不器用でキラキラしていた青春時代がフラッの画像_1
コンプレックスは誰にだってあるもの。ただし、思春期に抱えていたコンプレックスは、時間の経過とともに次第に薄れてしまう気がする。なぜならその多くは“みんなと違う”ということが原因だったから。大人になれば、他人と違う部分は個性として武器になることを知っていくけれど、学校という限られた世界がすべてだった学生時代は、そうはいかない。この映画は、かつて自分を支配していた強烈なコンプレックスを思い出す、痛々しくてリアルな青春映画だ。
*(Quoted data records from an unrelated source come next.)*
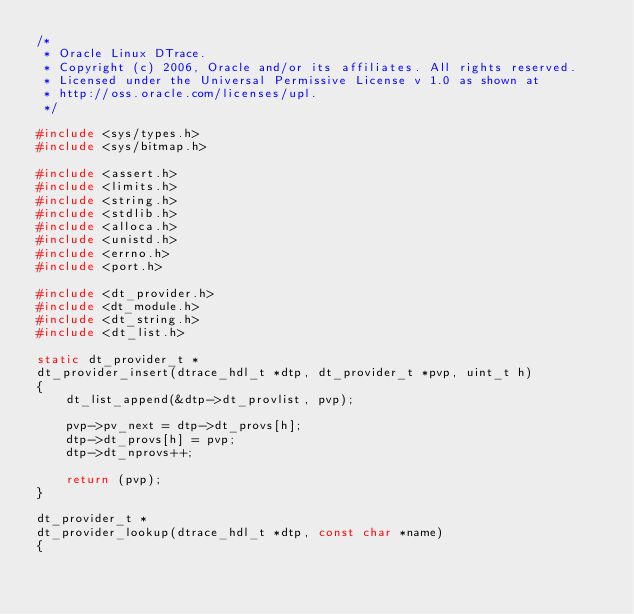<code> <loc_0><loc_0><loc_500><loc_500><_C_>/*
 * Oracle Linux DTrace.
 * Copyright (c) 2006, Oracle and/or its affiliates. All rights reserved.
 * Licensed under the Universal Permissive License v 1.0 as shown at
 * http://oss.oracle.com/licenses/upl.
 */

#include <sys/types.h>
#include <sys/bitmap.h>

#include <assert.h>
#include <limits.h>
#include <string.h>
#include <stdlib.h>
#include <alloca.h>
#include <unistd.h>
#include <errno.h>
#include <port.h>

#include <dt_provider.h>
#include <dt_module.h>
#include <dt_string.h>
#include <dt_list.h>

static dt_provider_t *
dt_provider_insert(dtrace_hdl_t *dtp, dt_provider_t *pvp, uint_t h)
{
	dt_list_append(&dtp->dt_provlist, pvp);

	pvp->pv_next = dtp->dt_provs[h];
	dtp->dt_provs[h] = pvp;
	dtp->dt_nprovs++;

	return (pvp);
}

dt_provider_t *
dt_provider_lookup(dtrace_hdl_t *dtp, const char *name)
{</code> 
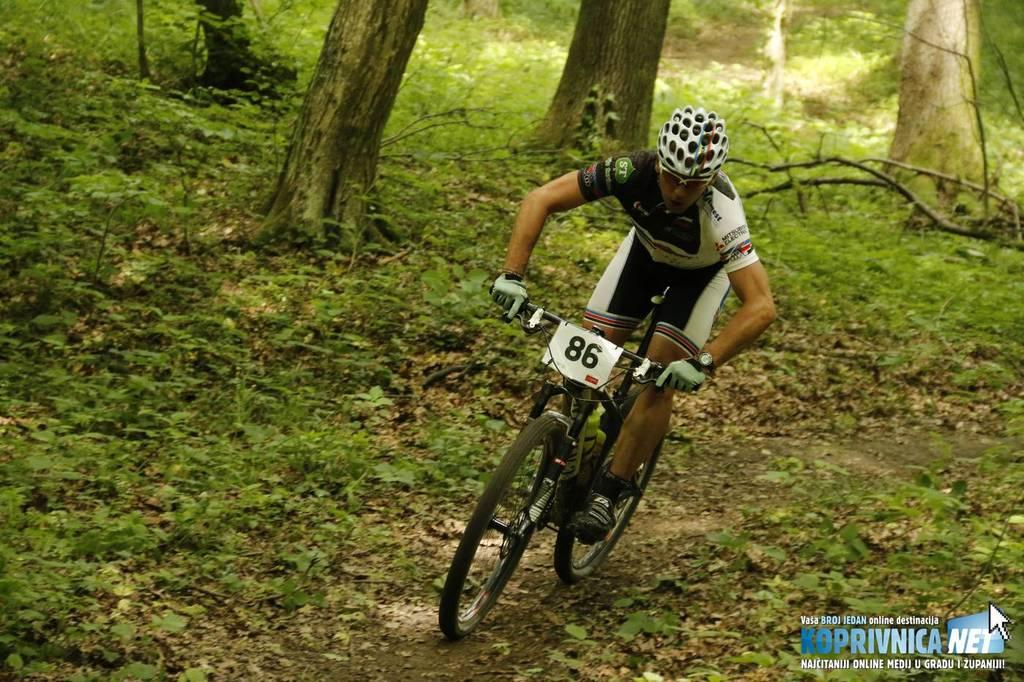What is the main subject of the image? There is a person in the image. What is the person doing in the image? The person is riding a cycle. What can be seen in the background of the image? There are trees in the background of the image. Is there any text or label present in the image? Yes, the name of something (possibly the person or the location) is present in the bottom right-hand side of the image. What type of scissors can be seen in the image? There are no scissors present in the image. How does the person sneeze while riding the cycle in the image? The person is not sneezing in the image; they are riding the cycle. 
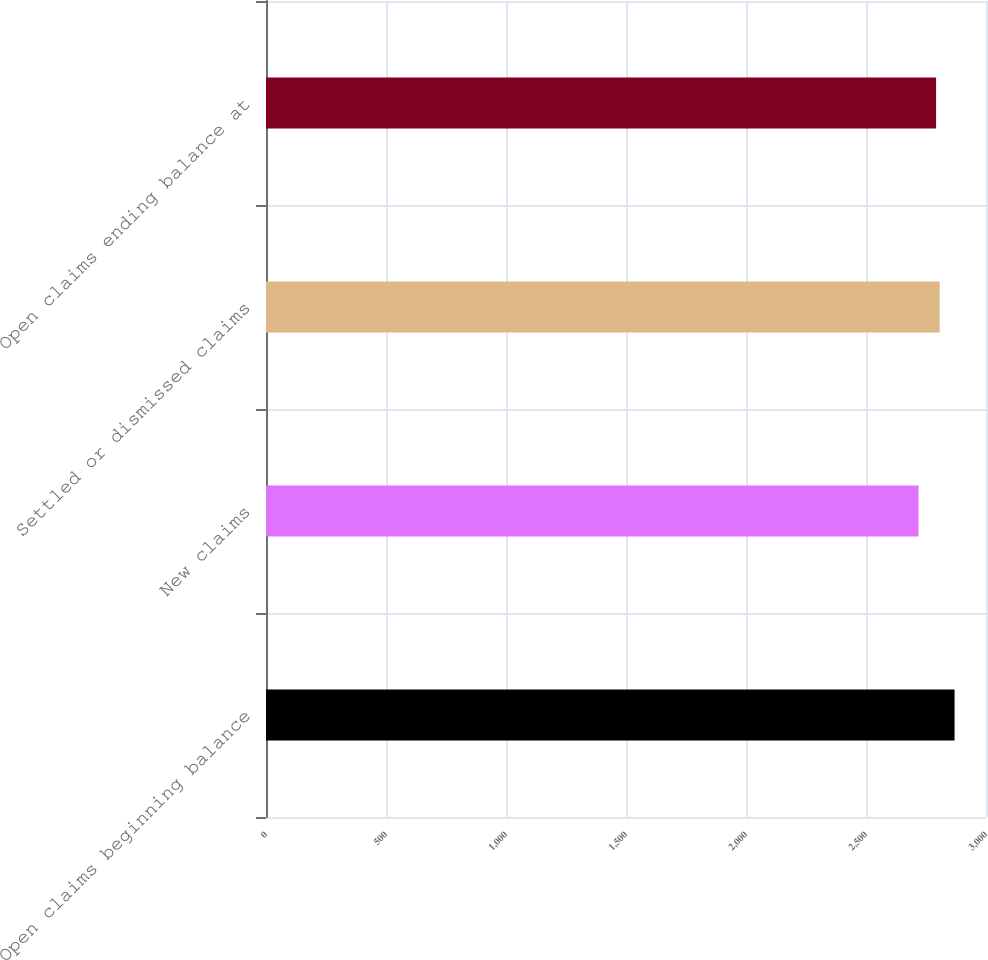Convert chart. <chart><loc_0><loc_0><loc_500><loc_500><bar_chart><fcel>Open claims beginning balance<fcel>New claims<fcel>Settled or dismissed claims<fcel>Open claims ending balance at<nl><fcel>2869<fcel>2719<fcel>2807<fcel>2792<nl></chart> 
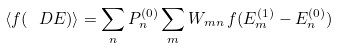Convert formula to latex. <formula><loc_0><loc_0><loc_500><loc_500>\langle f ( \ D E ) \rangle = \sum _ { n } P _ { n } ^ { ( 0 ) } \sum _ { m } W _ { m n } \, f ( E _ { m } ^ { ( 1 ) } - E _ { n } ^ { ( 0 ) } )</formula> 
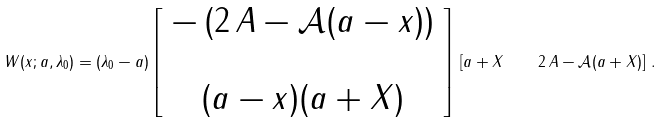Convert formula to latex. <formula><loc_0><loc_0><loc_500><loc_500>W ( x ; a , \lambda _ { 0 } ) = ( \lambda _ { 0 } - a ) \left [ \begin{array} { c } - \left ( 2 \, A - \mathcal { A } ( a - x ) \right ) \\ \\ ( a - x ) ( a + X ) \end{array} \right ] \, \left [ a + X \quad 2 \, A - \mathcal { A } ( a + X ) \right ] \, .</formula> 
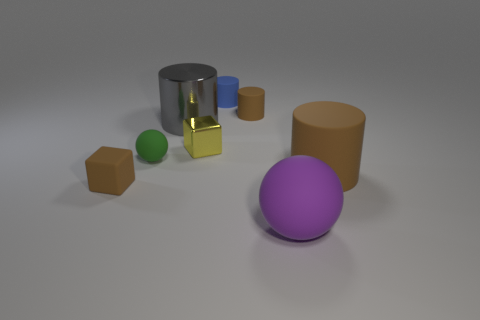How many big brown matte things have the same shape as the tiny green thing?
Offer a terse response. 0. What number of large red objects are there?
Your answer should be compact. 0. There is a cube on the left side of the small metallic object; what color is it?
Provide a succinct answer. Brown. What color is the small block that is to the right of the tiny brown rubber object that is to the left of the small green matte object?
Your answer should be compact. Yellow. There is a metal thing that is the same size as the brown rubber cube; what is its color?
Provide a succinct answer. Yellow. How many large things are both in front of the green object and behind the matte block?
Keep it short and to the point. 1. There is a big matte object that is the same color as the small rubber cube; what is its shape?
Offer a very short reply. Cylinder. There is a thing that is both in front of the tiny green sphere and left of the gray cylinder; what is its material?
Give a very brief answer. Rubber. Are there fewer gray metallic objects behind the gray metal cylinder than matte balls that are on the left side of the purple rubber object?
Offer a very short reply. Yes. What is the size of the purple ball that is made of the same material as the large brown object?
Ensure brevity in your answer.  Large. 
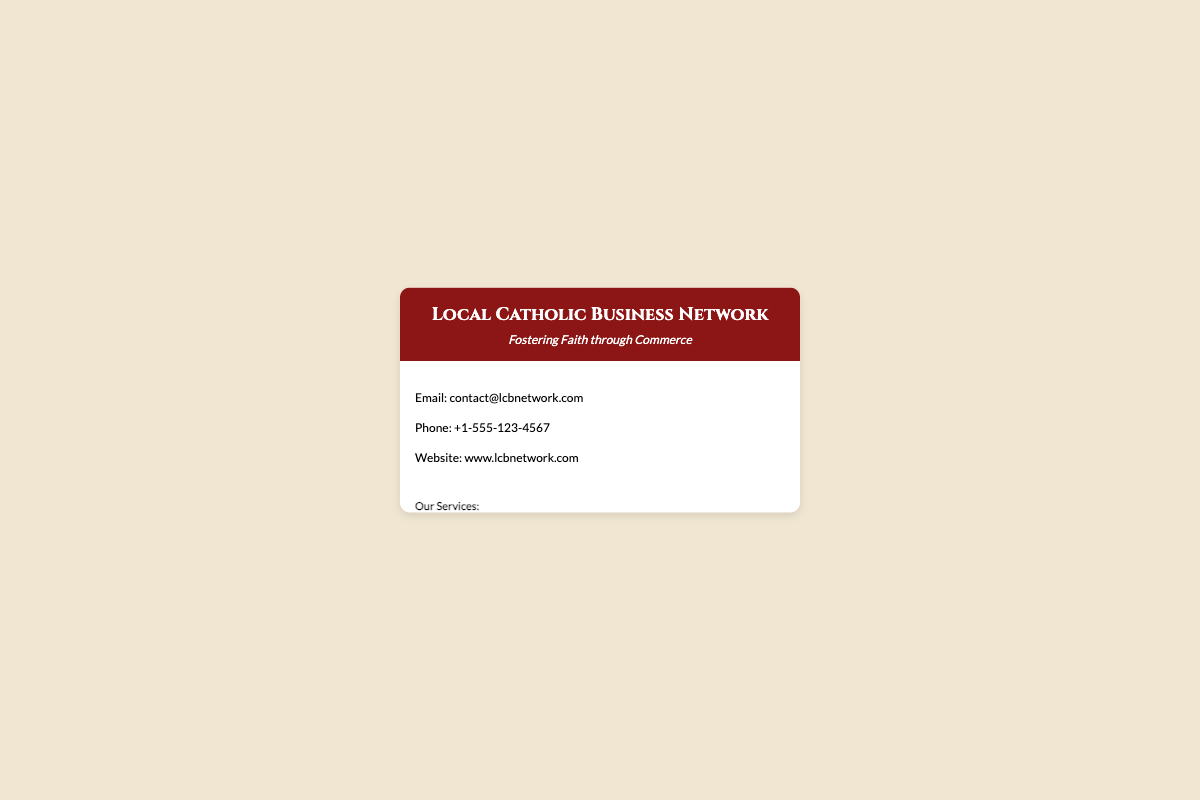What is the business name? The business name is prominently displayed in the header of the document.
Answer: Local Catholic Business Network What is the tagline? The tagline is presented directly under the business name in the header.
Answer: Fostering Faith through Commerce What is the email address? The email address is listed under the contact information section of the document.
Answer: contact@lcbnetwork.com What are the services offered? The services are listed in the content section, each as a separate item.
Answer: The Blessed Bean Café, St. Michael's Bookstore, Holy Family Realty, Guardian Angel Tutoring, St. Joseph's Crafts What is the phone number? The phone number is found in the contact information part of the document.
Answer: +1-555-123-4567 How many services are listed? The total number of services can be counted from the service list in the document.
Answer: 5 Where is the business located? The location is provided in the footer section of the business card.
Answer: 123 Faith Lane, Springfield, State, 12345 What type of card is this? The document is formatted to represent a business card specifically directed towards local businesses.
Answer: Business Card What is the website? The website is found in the contact information section.
Answer: www.lcbnetwork.com 
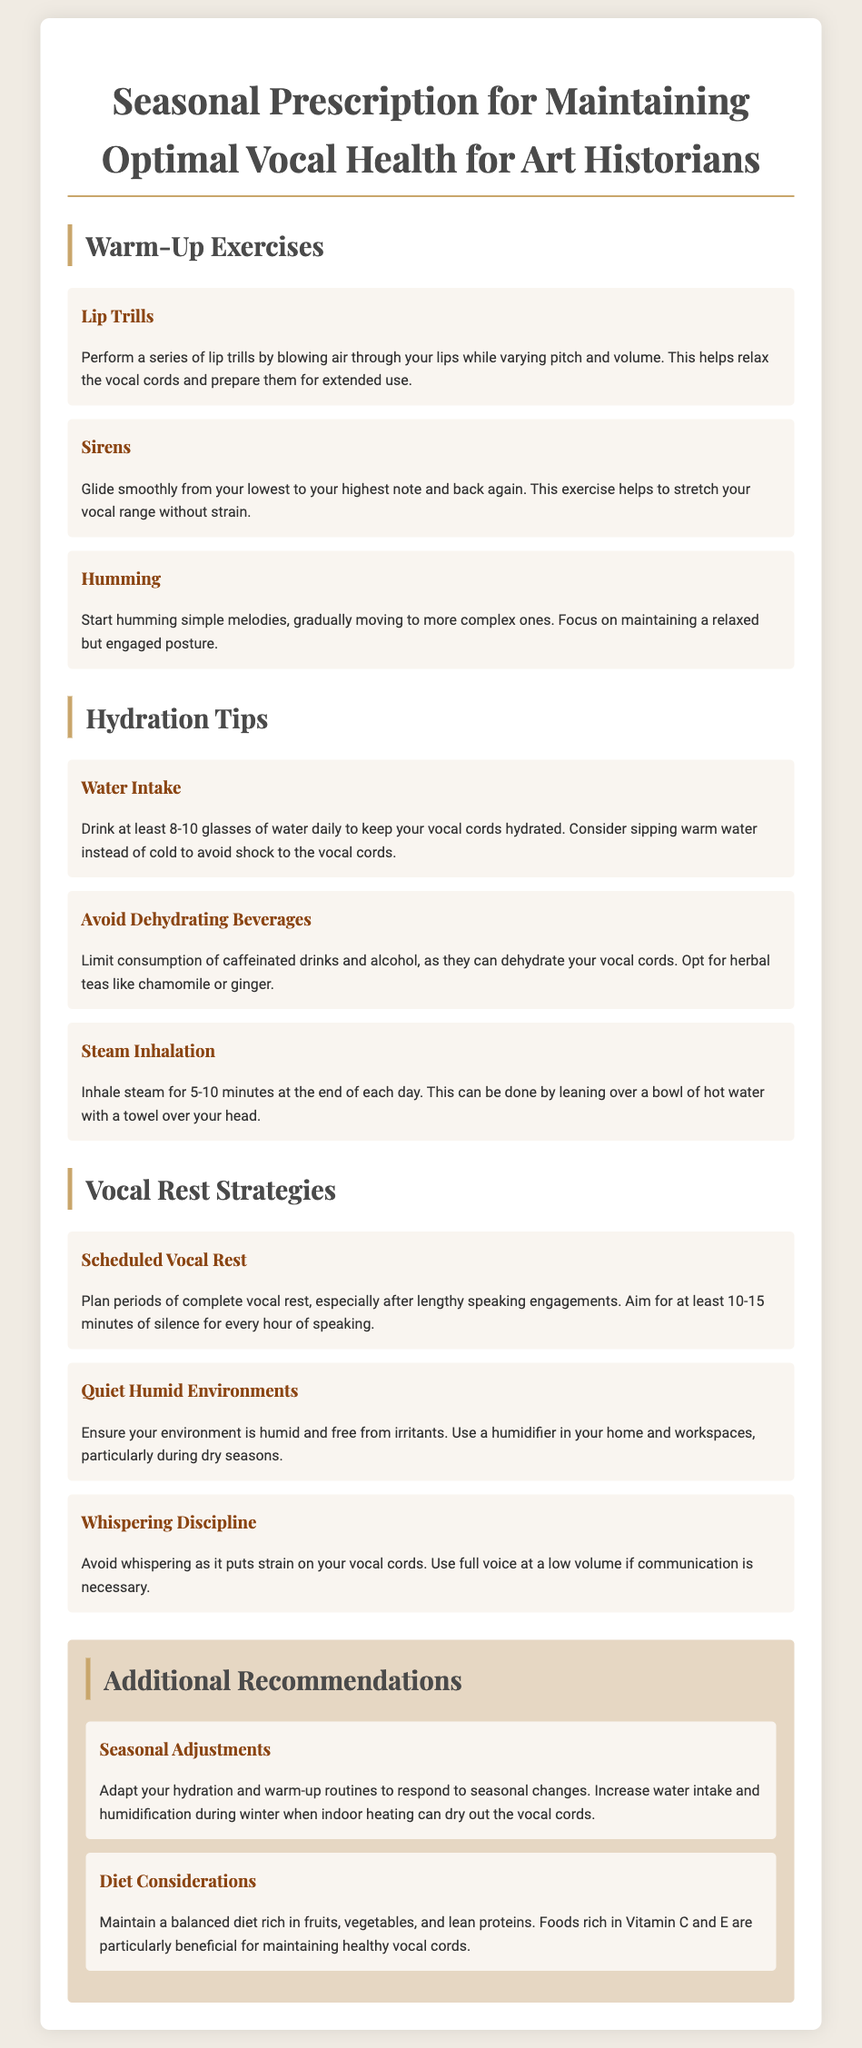What are lip trills? Lip trills are a warm-up exercise that involves blowing air through the lips while varying pitch and volume.
Answer: Blowing air through lips How many glasses of water should be consumed daily? The document states that at least 8-10 glasses of water should be consumed daily for vocal cord hydration.
Answer: 8-10 glasses What is a recommended duration for scheduled vocal rest after speaking? The document suggests planning for at least 10-15 minutes of silence for every hour of speaking.
Answer: 10-15 minutes What is one benefit of steam inhalation? Steam inhalation helps by keeping the vocal cords hydrated, particularly at the end of the day.
Answer: Keeping vocal cords hydrated What should be avoided to prevent vocal strain when communicating? Whispering should be avoided as it puts strain on the vocal cords; using full voice at a low volume is recommended.
Answer: Whispering What type of dietary foods are beneficial for vocal health? The document notes that foods rich in Vitamin C and E are particularly beneficial for maintaining healthy vocal cords.
Answer: Vitamin C and E rich foods What should be done to adapt hydration routines seasonally? The document advises increasing water intake and humidification during winter when indoor heating can dry out vocal cords.
Answer: Increase water intake What is one strategy mentioned for a humid environment? Using a humidifier in homes and workspaces is suggested to ensure the environment is humid and free from irritants.
Answer: Use a humidifier How many warm-up exercises are listed in the document? The document lists three warm-up exercises: lip trills, sirens, and humming.
Answer: Three

主人公は高校1年生の志乃(南沙良)。しゃべろうとするたびに言葉につまり、名前すらうまく言うことができず、入学初日の自己紹介でさっそく笑い者になってしまう。ひとりぼっちの高校生活を送る志乃は、ひょんなことから同級生の加代(蒔田彩珠)と仲良くなり、一緒にバンドを組むことに。文化祭に向けて猛練習をし、少しずつ人前で演奏できるようになってきたふたり。ところが駅前で演奏しているところを、クラスのお調子者の菊池(萩原利久)に見つかってしまう。志乃が吃音であることに劣等感を抱える一方、実は加代にもミュージシャン志望なのに絶望的に音痴というコンプレックスが。ことあるごとにふたりをからかう菊池にも、いじめられていた過去があったことが明らかになる。

誰よりも不幸だと思い、悲劇のヒロインのように思いつめる自意識過剰な志乃に対し、「いいよね、あんたは言い訳があって」と加代が言い放つシーンは、目がさめるほど強烈。友情を通してコンプレックスを克服していく単純でわかりやすい物語ではなく、せっかく仲良くなりかけた友達と傷つけあったり、成長できるチャンスを前に尻込みしたり、人間の弱さや人生のうまくいかなさをそのまますくい取る、嘘のない展開は新鮮。いつしか不器用な志乃たちに、自分自身の過去を重ねてしまうはず。そして、もがきまくっていた青春時代が、なぜかとてつもなく美しく思えるはず。